For as long as Curry's out, the Warriors will have to rely on the attitude and anger that pushed them in that game-changing third quarter. Green will have to continue stomping on the line between chaos and high-intensity effectiveness. Thompson will have to sustain his Navy SEAL sniper's soundless assault.
Andre Iguodala, Shaun Livingston, Andrew Bogut, Festus Ezeli—all of them must perform like they cannot be beaten...even if, without Curry, they absolutely can be.
That's a difficult mindset to maintain. But for the Warriors, it's one they practiced all season.
So much of what made Golden State great this year was its belief in itself. The Warriors coasted through weeks of the schedule at a time, rarely losing because they knew they could call on a five-minute rampage to blow opponents apart.

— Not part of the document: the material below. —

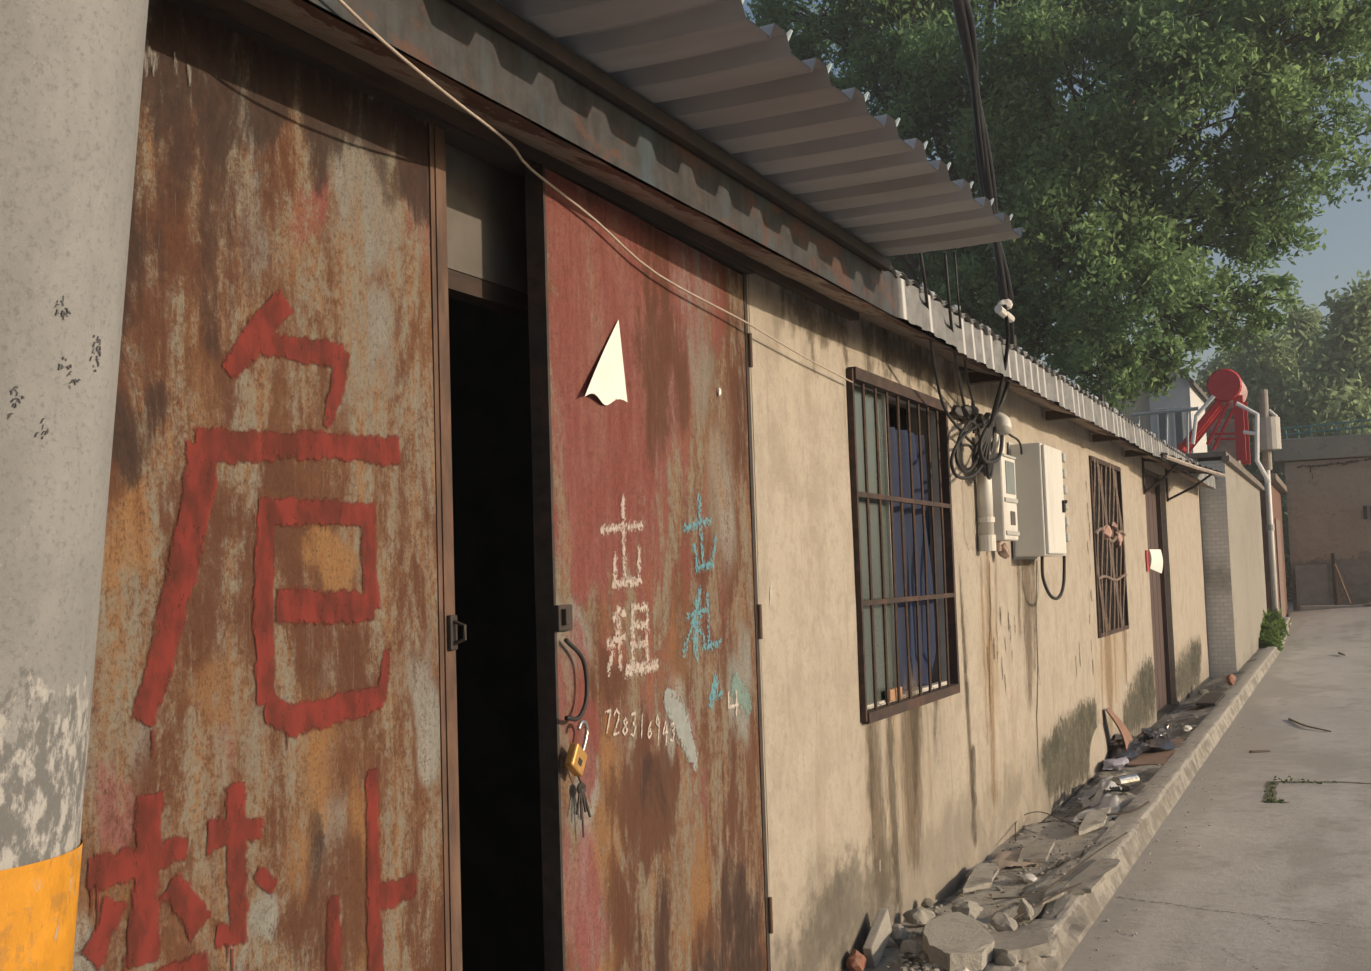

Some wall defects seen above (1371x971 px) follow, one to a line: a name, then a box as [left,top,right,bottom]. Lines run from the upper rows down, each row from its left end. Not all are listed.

Call it calculated complacency.
The difference now is that Curry may not be there to lead those self-assured charges. And he was often a rampage unto himself.
Any team with a realistic understanding of its limitations would be questioning its chances of survival without its best player. But in winning 73 games, the Warriors proved this year that they aren't all that open to the idea of having any limitations at all.
Nothing limits Golden State more than losing Curry. So now we'll see just how far this team's outsized confidence can carry it.